Once a moribund offensive team that rejoiced at a Liberty Bowl bid in 2007, MSU ended the 2009 campaign as the SEC’s top rushing team and has bought into Mullen’s belief that anything less than winning SEC championships is unacceptable.
“One, from a momentum standpoint, he’s brought a lot of that to us,” Byrne said. “And he’s brought an attitude of, ‘We don’t need to take a back seat to anybody.’ ”
The back seat, so to speak, is where MSU usually finds itself in the SEC. Teams like Alabama, Florida and LSU are normally at the wheel, mowing down opponents and adding to already bulging trophy cases.
MSU’s trophy case is rather bare. In fact, two of its trophies – the Cotton Bowl runner-up trophy from 1999 and the Peach Bowl winner’s trophy from the following season – rest side by side atop a filing cabinet in the sports information offices of the Bryan Athletic Administration Building.
State owns one SEC Western Division title (1998) and has won the overall title just once. And one year ago – after a 4-8 season, a 45-0 beatdown at the hands of Ole Miss, and the resignation of coach Sylvester Croom – high achievement at Mississippi State seemed as far-fetched as ever. In the eight seasons prior to Mullen’s arrival, MSU had a combined SEC record of 13-51.
History, however, has mattered not to Dan Mullen.
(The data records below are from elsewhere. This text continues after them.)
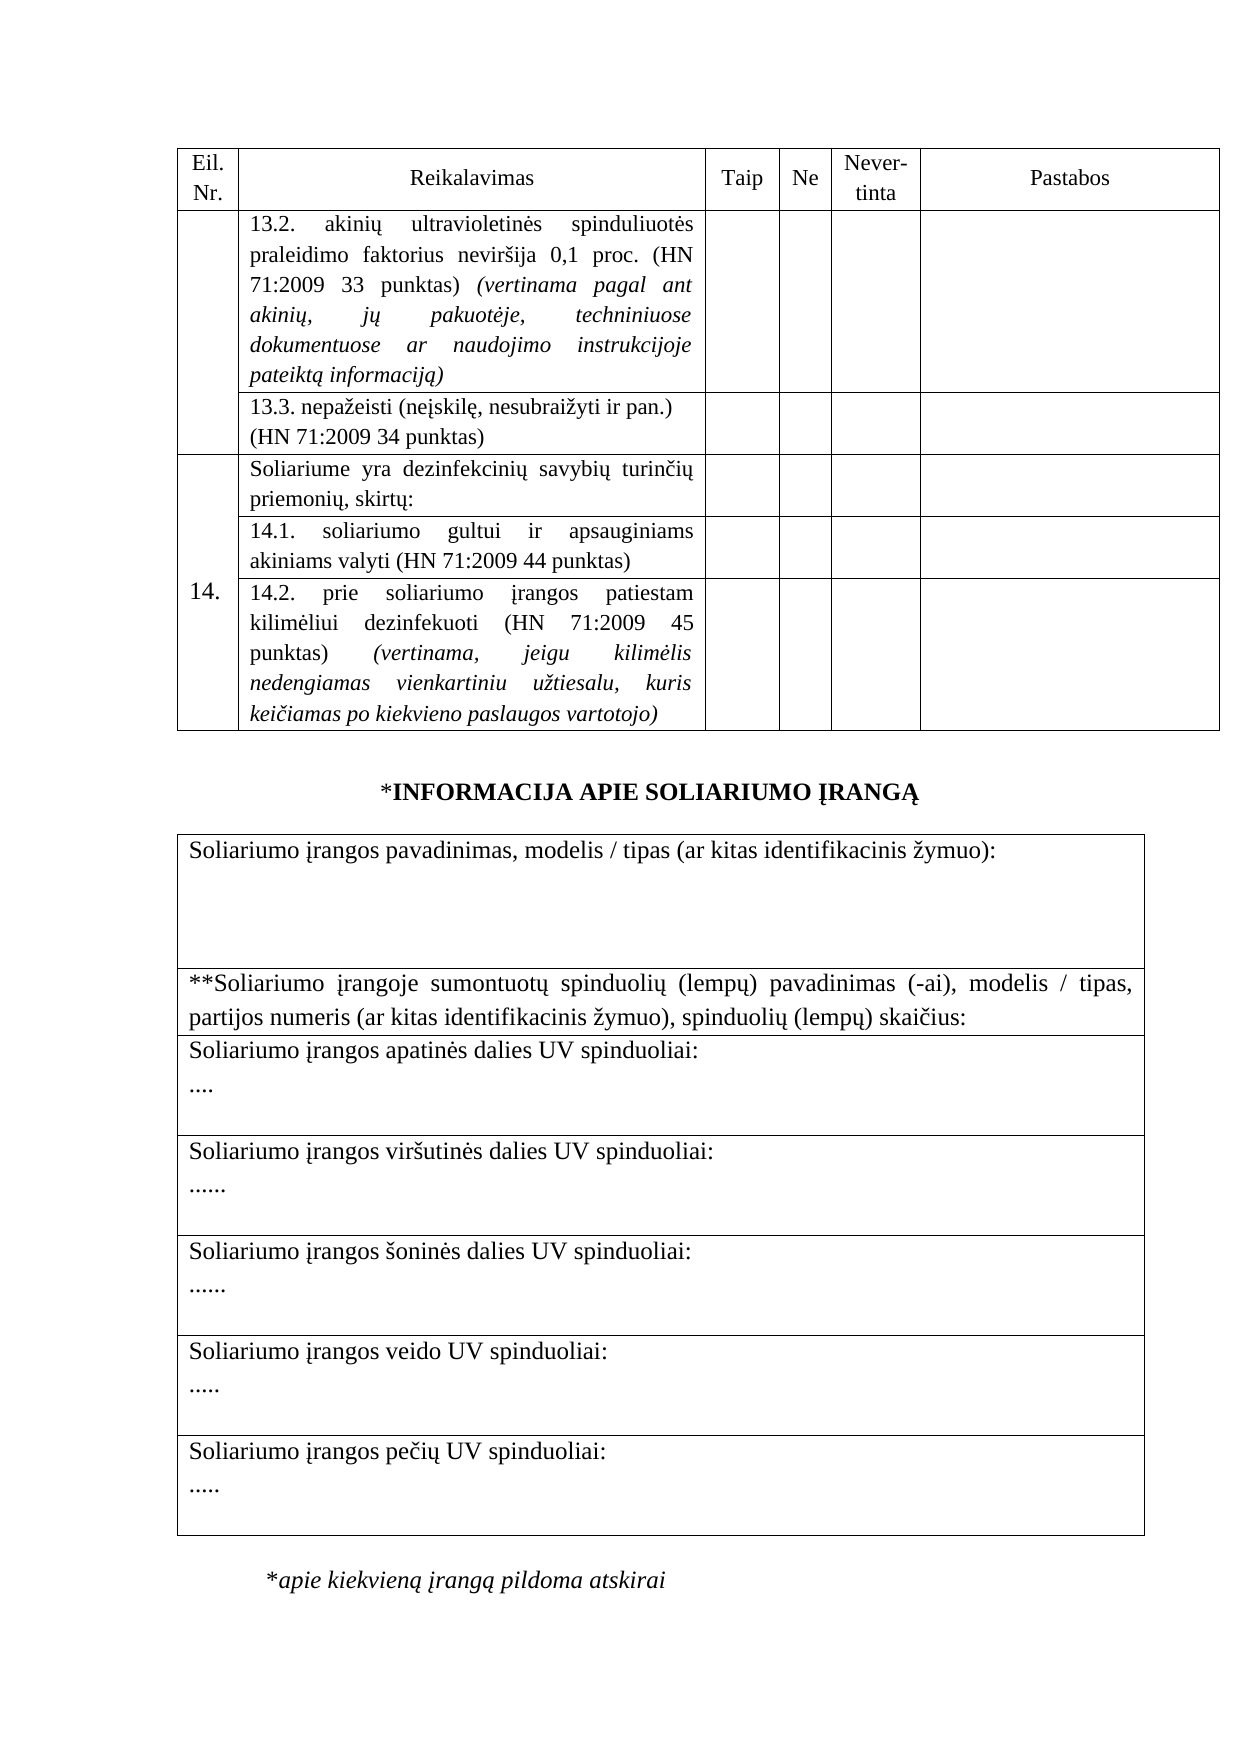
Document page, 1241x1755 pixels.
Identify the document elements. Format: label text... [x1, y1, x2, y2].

table_cell [832, 517, 920, 578]
table_cell [706, 579, 779, 730]
table_cell [178, 211, 238, 454]
table_cell [706, 393, 779, 454]
table_header Ne [780, 149, 831, 209]
text *INFORMACIJA APIE SOLIARIUMO ĮRANGĄ [177, 777, 1122, 806]
table_cell [921, 517, 1219, 578]
table_cell [921, 579, 1219, 730]
table_cell [780, 455, 831, 516]
table_header Reikalavimas [239, 149, 705, 209]
table_cell [832, 579, 920, 730]
table_cell Soliariumo įrangos pečių UV spinduoliai: ..... [178, 1436, 1144, 1535]
table_cell [832, 393, 920, 454]
table_cell [832, 455, 920, 516]
table_cell Soliariume yra dezinfekcinių savybių turinčių priemonių, skirtų: [239, 455, 705, 516]
table_header Taip [706, 149, 779, 209]
table_header Never- tinta [832, 149, 920, 209]
table_cell Soliariumo įrangos šoninės dalies UV spinduoliai: ...... [178, 1236, 1144, 1335]
table_cell [706, 211, 779, 392]
table_header Eil. Nr. [178, 149, 238, 209]
table_cell Soliariumo įrangos veido UV spinduoliai: ..... [178, 1336, 1144, 1435]
table_cell 14. [178, 455, 238, 730]
table_cell 13.2. akinių ultravioletinės spinduliuotės praleidimo faktorius neviršija 0,1 proc. (HN 71:2009 33 punktas) (vertinama pagal ant akinių, jų pakuotėje, techniniuose dokumentuose ar naudojimo instrukcijoje pateiktą informaciją) [239, 211, 705, 392]
table_header Soliariumo įrangos pavadinimas, modelis / tipas (ar kitas identifikacinis žymuo): [178, 835, 1144, 967]
text *apie kiekvieną įrangą pildoma atskirai [177, 1565, 1122, 1594]
table_cell [921, 455, 1219, 516]
table_cell **Soliariumo įrangoje sumontuotų spinduolių (lempų) pavadinimas (-ai), modelis / tipas, partijos numeris (ar kitas identifikacinis žymuo), spinduolių (lempų) skaičius: [178, 969, 1144, 1034]
table_cell [780, 517, 831, 578]
table_cell [780, 579, 831, 730]
table_cell Soliariumo įrangos viršutinės dalies UV spinduoliai: ...... [178, 1136, 1144, 1235]
table_cell [780, 211, 831, 392]
table_cell 13.3. nepažeisti (neįskilę, nesubraižyti ir pan.) (HN 71:2009 34 punktas) [239, 393, 705, 454]
table_cell [921, 211, 1219, 392]
table_header Pastabos [921, 149, 1219, 209]
table_cell [832, 211, 920, 392]
table_cell [780, 393, 831, 454]
table_cell Soliariumo įrangos apatinės dalies UV spinduoliai: .... [178, 1036, 1144, 1135]
table_cell [921, 393, 1219, 454]
table_cell 14.1. soliariumo gultui ir apsauginiams akiniams valyti (HN 71:2009 44 punktas) [239, 517, 705, 578]
table_cell [706, 455, 779, 516]
table_cell [706, 517, 779, 578]
table_cell 14.2. prie soliariumo įrangos patiestam kilimėliui dezinfekuoti (HN 71:2009 45 punktas) (vertinama, jeigu kilimėlis nedengiamas vienkartiniu užtiesalu, kuris keičiamas po kiekvieno paslaugos vartotojo) [239, 579, 705, 730]

Moments after arriving in Starkville, he said, “I think we have an opportunity to have an unbelievable program.”
The man Mullen replaced, Croom, was respected by the players, so the arrival of a fiery greenhorn brought with it the potential for discord. And while a handful of players left the program over the ensuing months, the ones that stuck around are glad they did.
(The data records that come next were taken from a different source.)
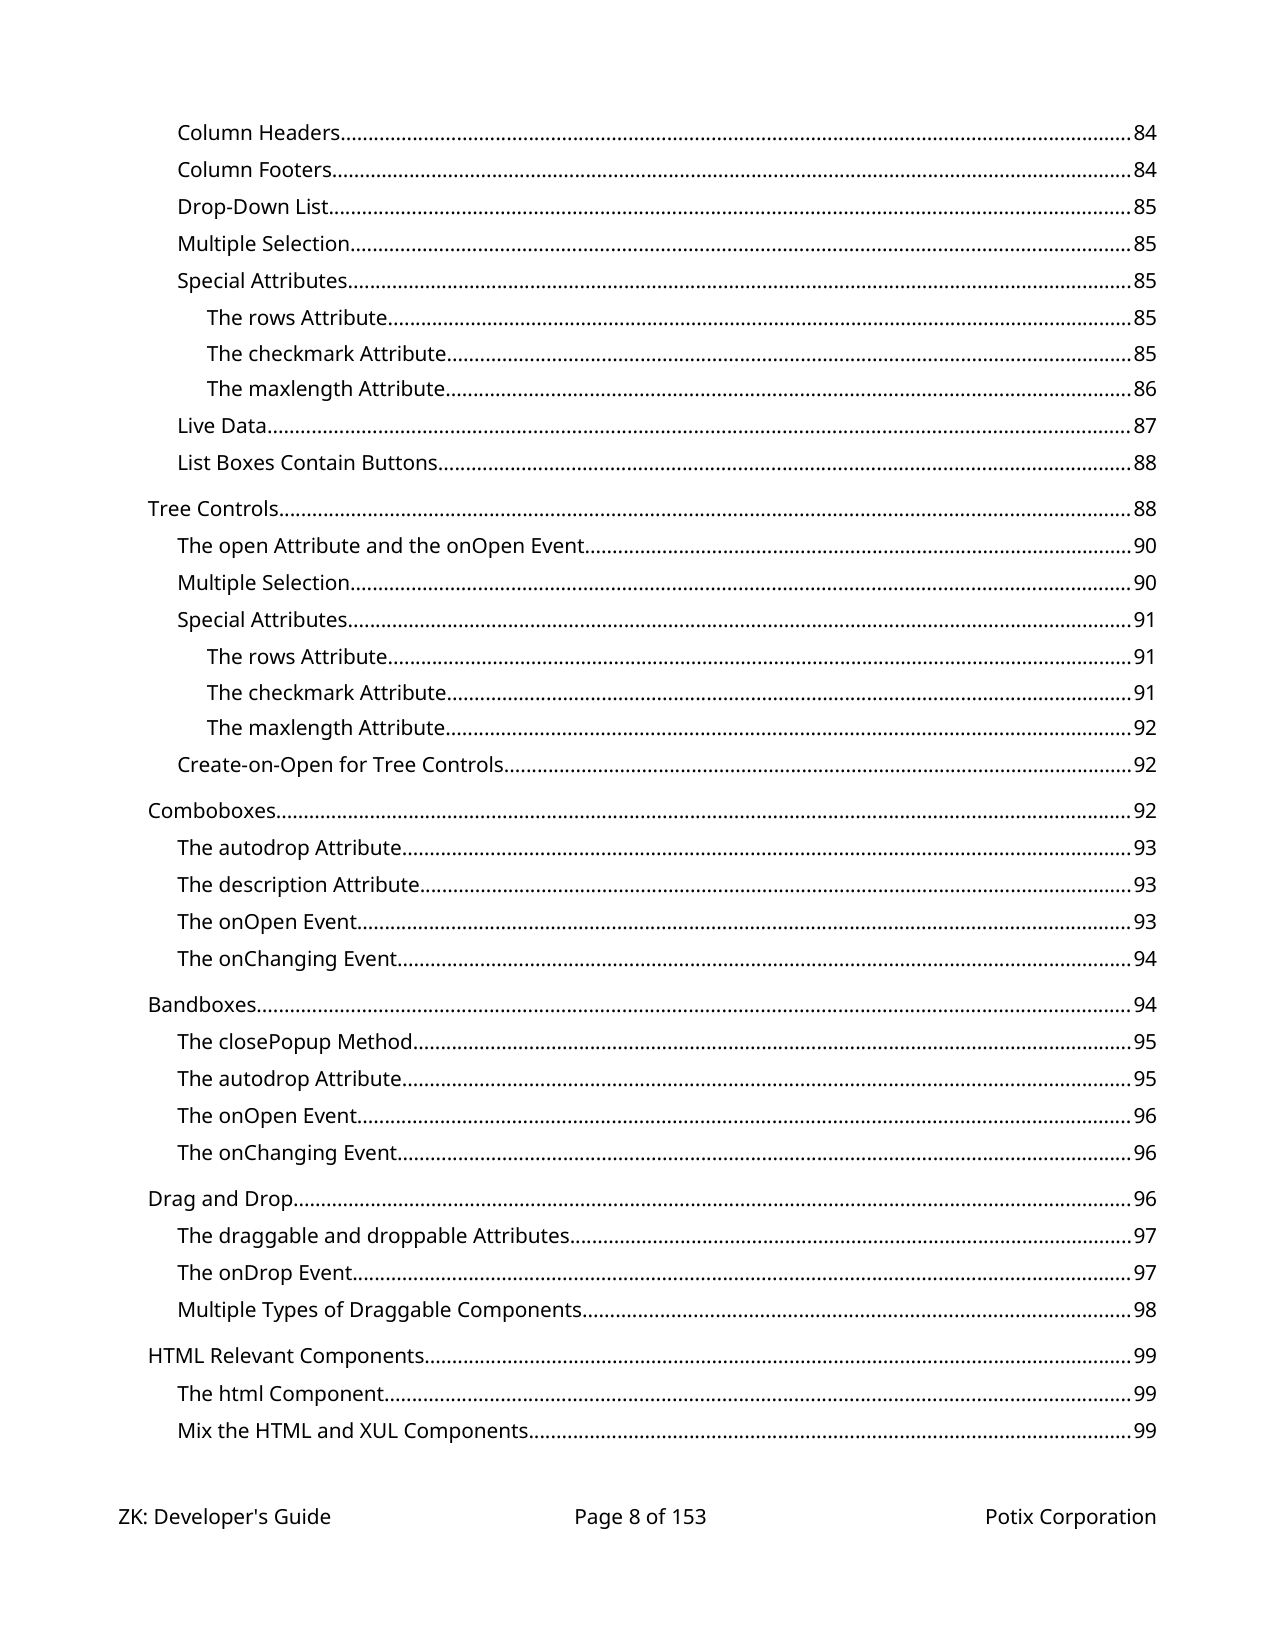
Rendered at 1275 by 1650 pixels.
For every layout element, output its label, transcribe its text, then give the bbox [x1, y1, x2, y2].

text The closePopup Method 95 [177, 1027, 1157, 1055]
text The rows Attribute 85 [207, 303, 1157, 332]
text Multiple Selection 85 [177, 229, 1157, 258]
text Multiple Types of Draggable Components 98 [177, 1296, 1157, 1324]
text The html Component 99 [177, 1379, 1157, 1407]
text The open Attribute and the onOpen Event 90 [177, 531, 1157, 559]
text The autodrop Attribute 93 [177, 833, 1157, 861]
text The checkmark Attribute 91 [207, 678, 1157, 706]
text Live Data 87 [177, 411, 1157, 439]
text The onOpen Event 93 [177, 907, 1157, 935]
text The checkmark Attribute 85 [207, 339, 1157, 367]
text Special Attributes 85 [177, 266, 1157, 295]
text The maxlength Attribute 92 [207, 713, 1157, 741]
text Tree Controls 88 [148, 494, 1157, 522]
text Bandboxes 94 [148, 990, 1157, 1018]
text The draggable and droppable Attributes 97 [177, 1221, 1157, 1250]
text Column Headers 84 [177, 118, 1157, 146]
text Column Footers 84 [177, 155, 1157, 183]
text Drop-Down List 85 [177, 192, 1157, 221]
text The description Attribute 93 [177, 870, 1157, 898]
text The maxlength Attribute 86 [207, 374, 1157, 402]
text The rows Attribute 91 [207, 642, 1157, 671]
text The onDrop Event 97 [177, 1258, 1157, 1287]
text Special Attributes 91 [177, 605, 1157, 633]
text Drag and Drop 96 [148, 1184, 1157, 1213]
text The onOpen Event 96 [177, 1101, 1157, 1129]
text Mix the HTML and XUL Components 99 [177, 1416, 1157, 1444]
text Create-on-Open for Tree Controls 92 [177, 750, 1157, 778]
text The onChanging Event 94 [177, 944, 1157, 972]
text HTML Relevant Components 99 [148, 1342, 1157, 1370]
text The autodrop Attribute 95 [177, 1064, 1157, 1092]
text Multiple Selection 90 [177, 568, 1157, 596]
text List Boxes Contain Buttons 88 [177, 448, 1157, 476]
text The onChanging Event 96 [177, 1138, 1157, 1167]
text Comboboxes 92 [148, 796, 1157, 824]

“When a coach comes in, we have to gain trust of him,” junior linebacker K.J. Wright said. “It took us a while when we got started doing the workouts, we just gained trust going through spring. It’s a building process, and I believe we handled it real good.”
The Bulldogs finished 3-5 in the SEC this fall, but they nearly upset then-No. 7 LSU, gave then-No. 1 Florida all it wanted, and then dominated Cotton Bowl-bound Ole Miss in the second half.
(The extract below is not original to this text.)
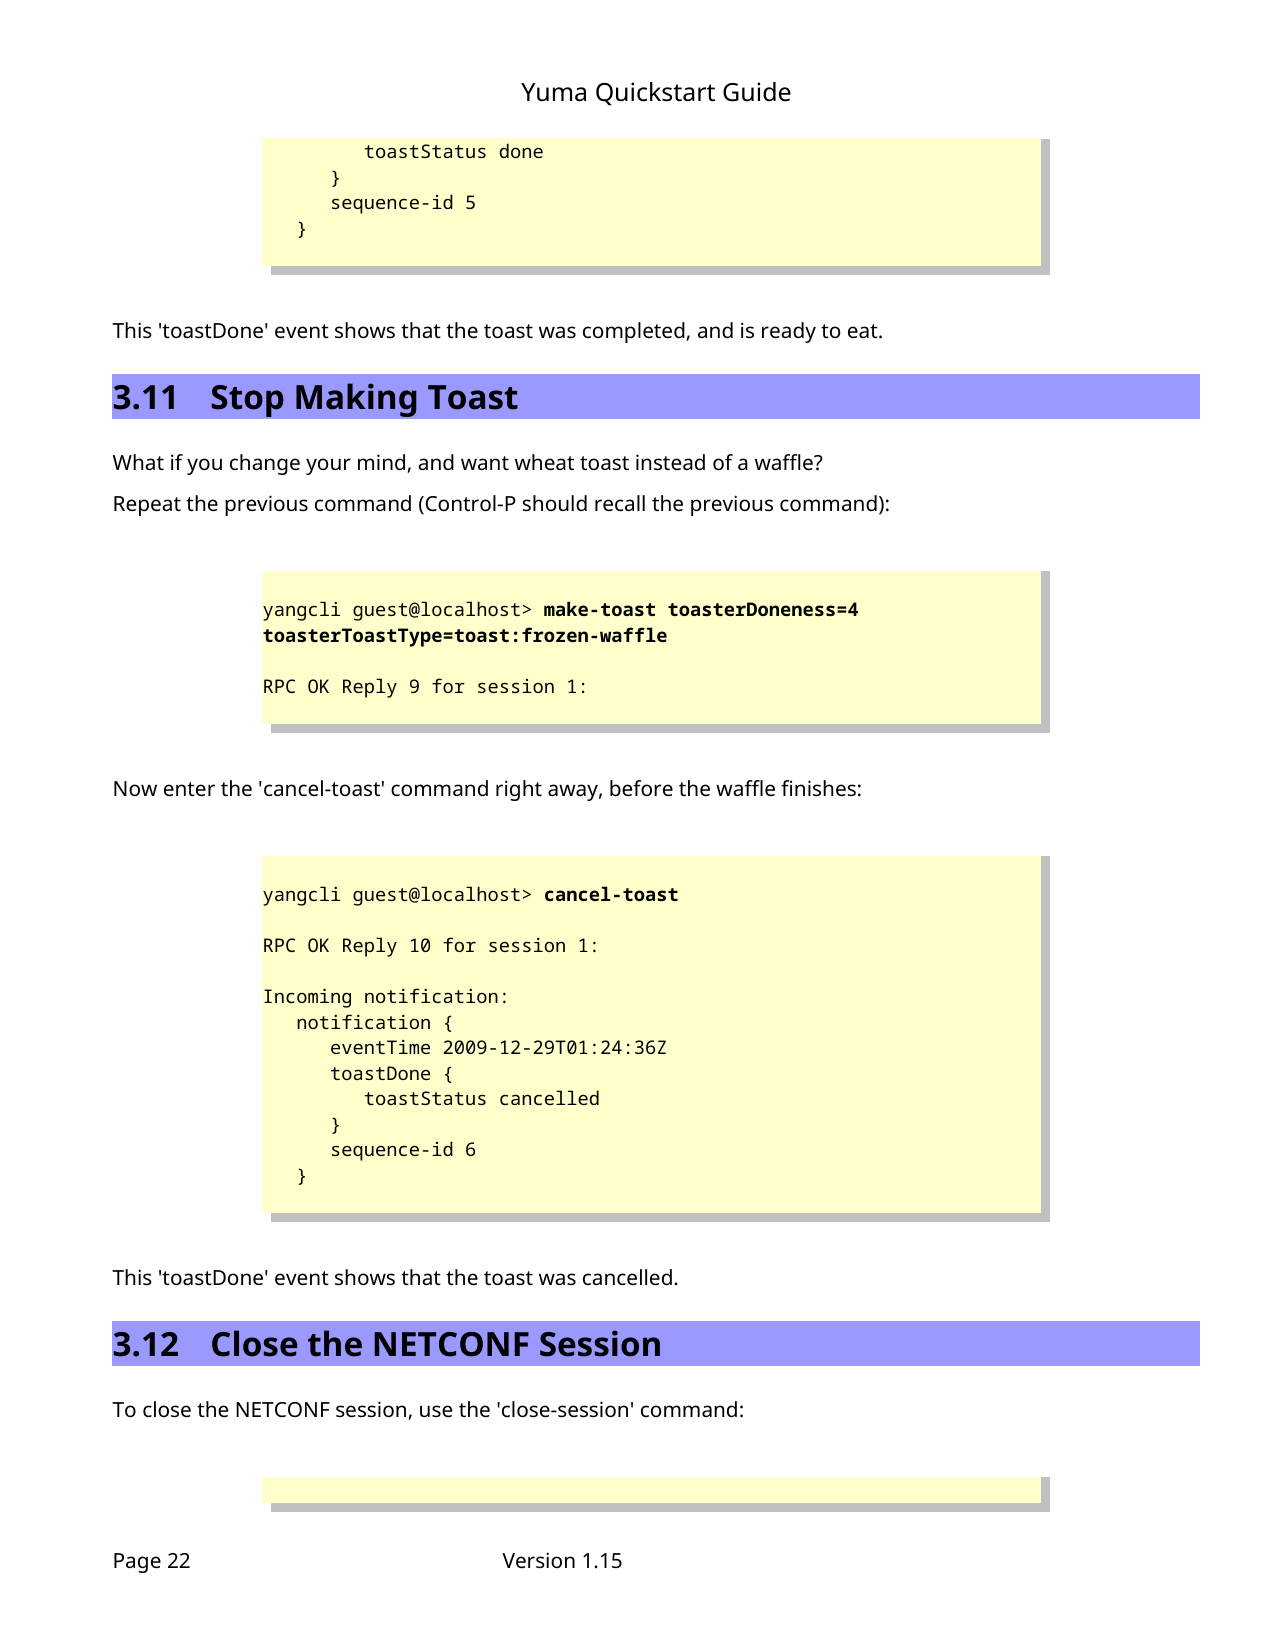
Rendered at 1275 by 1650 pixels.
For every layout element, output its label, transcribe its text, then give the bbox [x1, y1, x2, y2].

“We know if we’d lost that game, it would’ve been real bad for us,” Wright said. “We knew that we had to get that win so we could get a lot of recruits here. We have something to work towards for next year.”
Staying on the move
Mullen’s first year was such a resounding success in terms of attracting fans, it accelerated discussions of possible renovation and expansion of 94-year-old Davis Wade Stadium. While there are few details worked out, Byrne and Mullen addressed the topic during their season-ending meeting.
“Dan and I are constantly talking about what the next steps are for the program, all aspects of it,” Byrne said. “I think that’s part of your responsibility, with all of your coaches, to have those conversations on a regular basis and not ever sit there idly waiting for things to happen.”
Mullen is definitely not idle. He’s been moving at full speed ever since that day at the airport, and one year into his reign, it’s clear that MSU football is going places.
Byrne hopes Mullen stays around for the ride. The 37-year-old coach’s name was mentioned in connection with the Kansas opening, but Mullen denied having any contact with the school or any interest in the job.
Mullen signed a four-year deal – the maximum allowed for state employees – with MSU at $1.2 million a year. Byrne said he hopes to extend the contract back to four years, “hopefully very soon.”
When asked about a possible raise for Mullen, Byrne side, “We’ll deal with that when it’s appropriate.”
Judging by the early returns, it may be very appropriate.